Four years later, the Supreme Court, in Lesser v. Lesser, 128 Colo. 151, 250 P.2d 130, held that a presumption of undue influence shifts only the burden of going forward with the evidence to the party seeking to uphold the conveyances, and held that the burden of proving undue influence remains on the contesting party. The court there said:
"This confidential relationship raised a presumption against the validity of the deed signed by Jacob, and placed the burden of going forward with the evidence upon the defendant. If she had offered no evidence the presumption thus raised, we have held in Zink v. Carlile, 126 Colo. 208, 248 P.2d 306, would have been sufficient to entitle plaintiff to favorable judgment. But defendant did introduce evidence rebutting that presumption....
As to what happens when evidence is produced rebutting what has been termed a presumption of invalidity of the conveyance is well expressed in Wigmore on Evidence (3rd Ed.), vol. IX, section 2491, subparagraphs 2 and 3, pages 289, 290: `2. Nevertheless, it must be kept in mind that the peculiar effect of a presumption "of law" (that is, the real presumption) is merely to invoke a rule of law compelling the jury to reach the conclusion in the absence of evidence to the contrary from the opponent. If the opponent does offer evidence to the contrary (sufficient to satisfy the judge's requirement of some evidence), the presumption disappears as a rule of law, and the case is in the jury's hands free from any rule. `3. It is therefore a fallacy to attribute (as do some judges) an artificial probative force to a presumption, increasing for the jury the weight of the facts, even when the opponent has come forward with some evidence to the contrary. * * *'" (Emphasis in original.)
No reference was made to Hilliard.
In Bohl v. Haney, 28 Colo.

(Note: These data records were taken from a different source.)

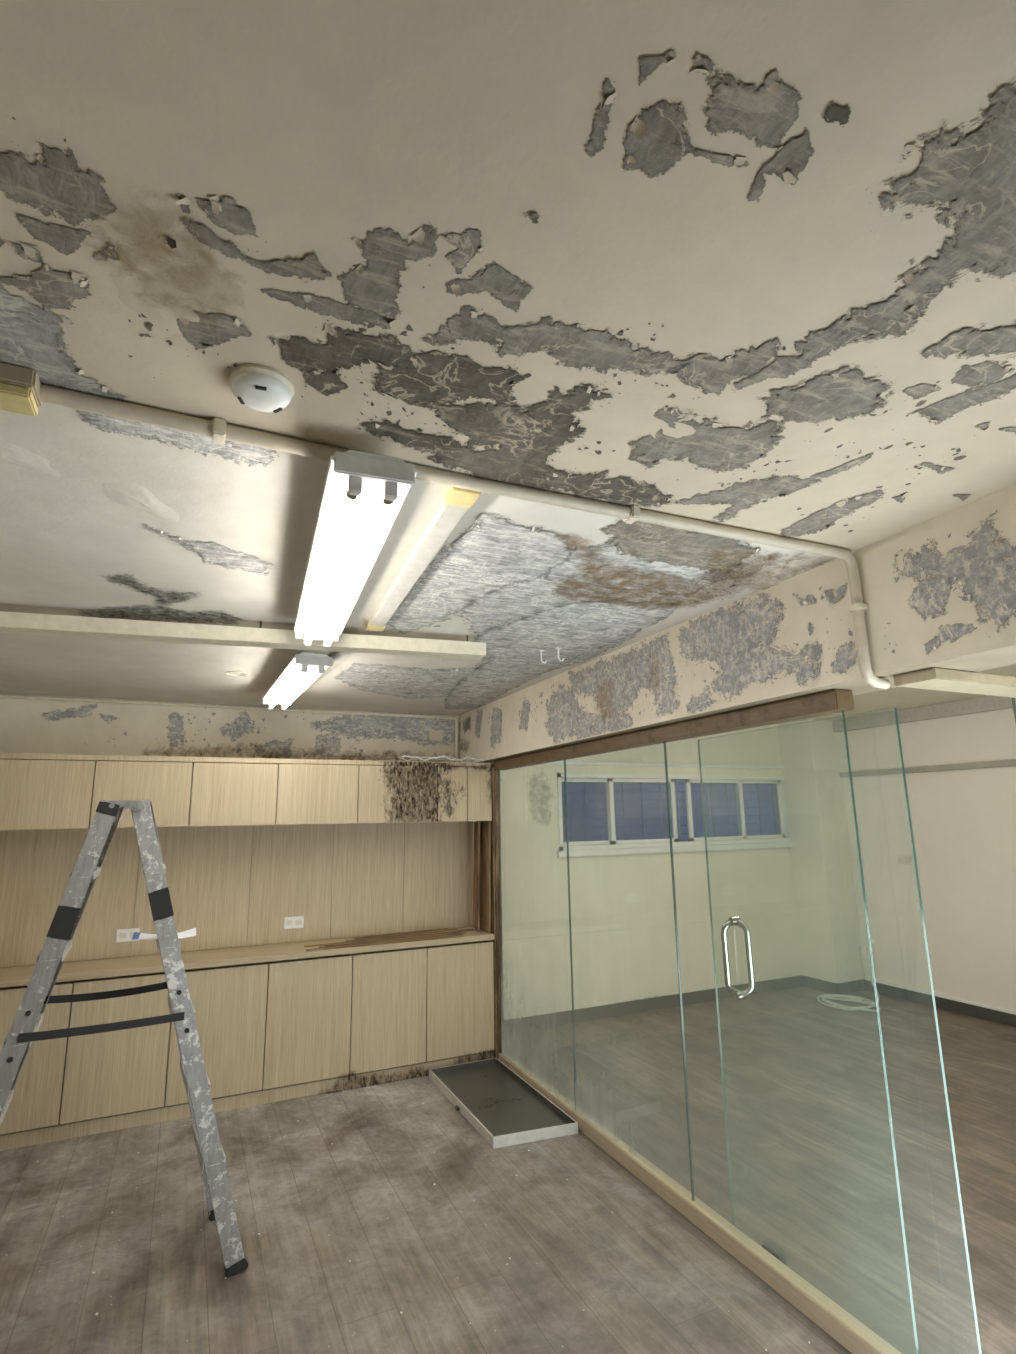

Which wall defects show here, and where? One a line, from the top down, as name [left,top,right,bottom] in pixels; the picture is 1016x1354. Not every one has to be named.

peeling [623,51,815,203]
peeling [0,138,129,401]
peeling [129,310,252,368]
peeling [75,410,279,467]
peeling [145,79,1016,759]
peeling [38,704,126,746]
damp [163,718,494,822]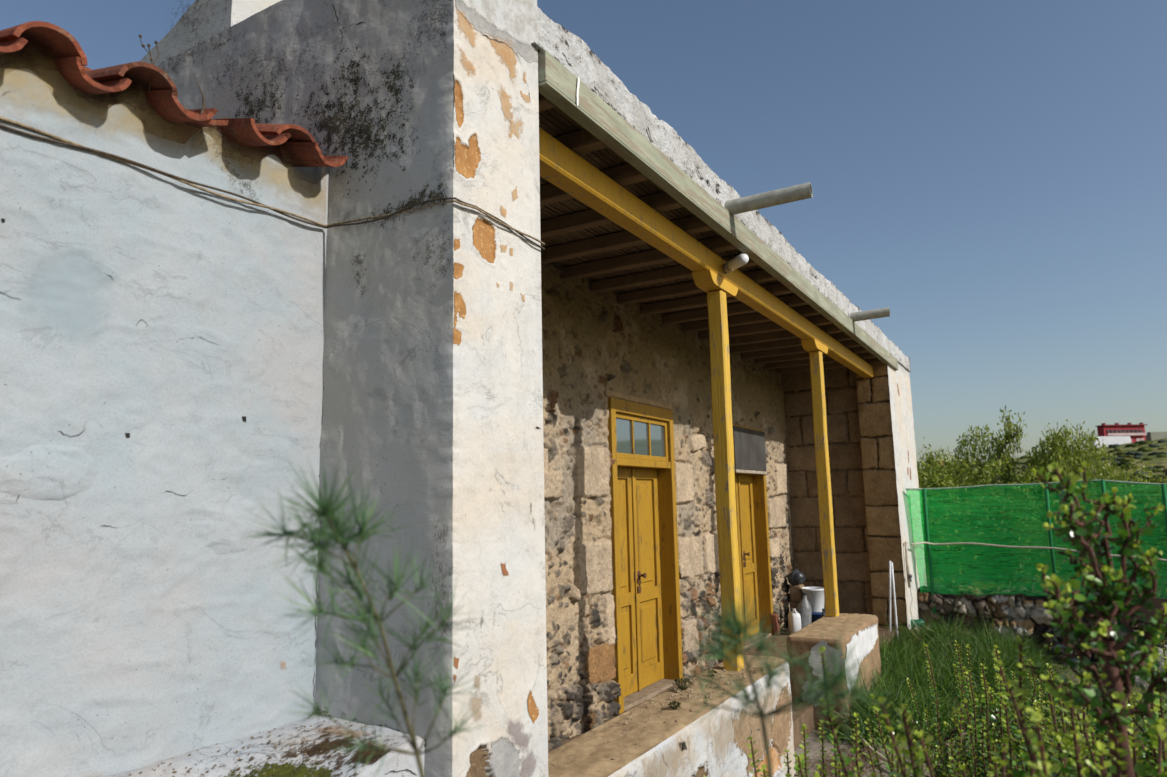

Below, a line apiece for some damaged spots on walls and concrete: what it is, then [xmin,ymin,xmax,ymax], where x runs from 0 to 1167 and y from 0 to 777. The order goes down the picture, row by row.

leakage [0,63,109,120]
leakage [122,99,177,138]
leakage [159,0,452,202]
peeling [454,0,538,179]
leakage [362,179,451,276]
peeling [453,186,518,345]
flaking render [732,624,878,777]
flaking render [466,737,521,777]
flaking render [691,761,709,777]

App. 55, 470 P.2d 603, decided after the opinion announced in Lesser, this Court held that the presumption of undue influence shifts the burden of proving that the conveyance is fair and just to the donee. Reliance was placed on Hilliard, and Lesser was improvidently distinguished. However, in First National Bank v. Groussman, 29 Colo. App. 215, 483 P.2d 398, affirmed, Colo., 491 P.2d 1382, we indicated that a presumption of undue influence merely shifts the burden of going forward to the donee, citing Bohl.

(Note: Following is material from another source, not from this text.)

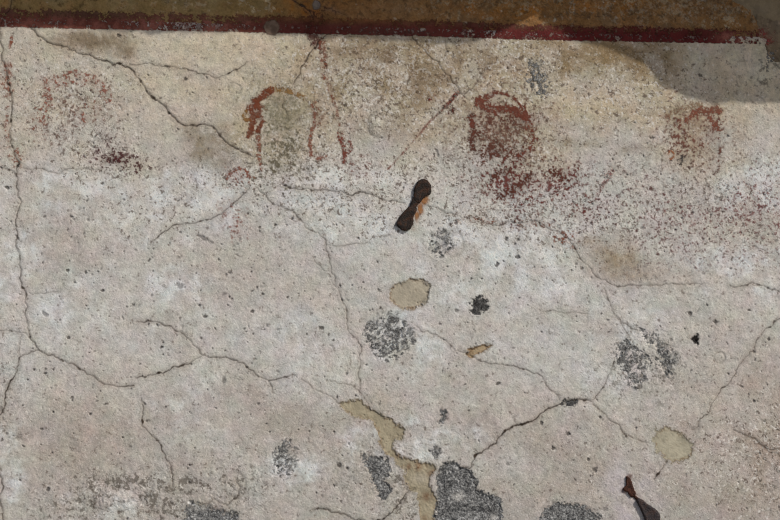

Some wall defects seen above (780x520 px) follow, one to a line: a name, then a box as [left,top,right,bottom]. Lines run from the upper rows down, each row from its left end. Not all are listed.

crack [75,50,250,164]
crack [470,399,587,468]

From a review of these cases, we believe that Lesser v. Lesser, supra, the Supreme Court's most recent expression on this issue, establishes the proper rule regarding the effect of the presumption of undue influence. A presumption of undue influence places upon the party seeking to uphold a challenged conveyance the burden of coming forward with evidence rebutting the presumption. In the absence of any evidence to the contrary, the conveyance is presumed to have been procured by undue influence. However, where any evidence rebutting the presumption is introduced, the presumption disappears, and the case goes to the fact finder free from the presumption. Lesser v. Lesser, supra.
*1303 To the extent that there is a conflict between Hilliard and Lesser, the more recent Lesser case must be considered to overrule sub silentio the rule announced in Hilliard, and the Lesser burden of going forward with the evidence must be deemed present Colorado Law. Our decision in Bohl v. Haney, supra, insofar as it is in conflict with Lesser, is expressly overruled.

IV
Finally, appellant maintains that the trial court erred in finding that Marion Judkins lacked sufficient mental capacity to make the contested gift. We agree.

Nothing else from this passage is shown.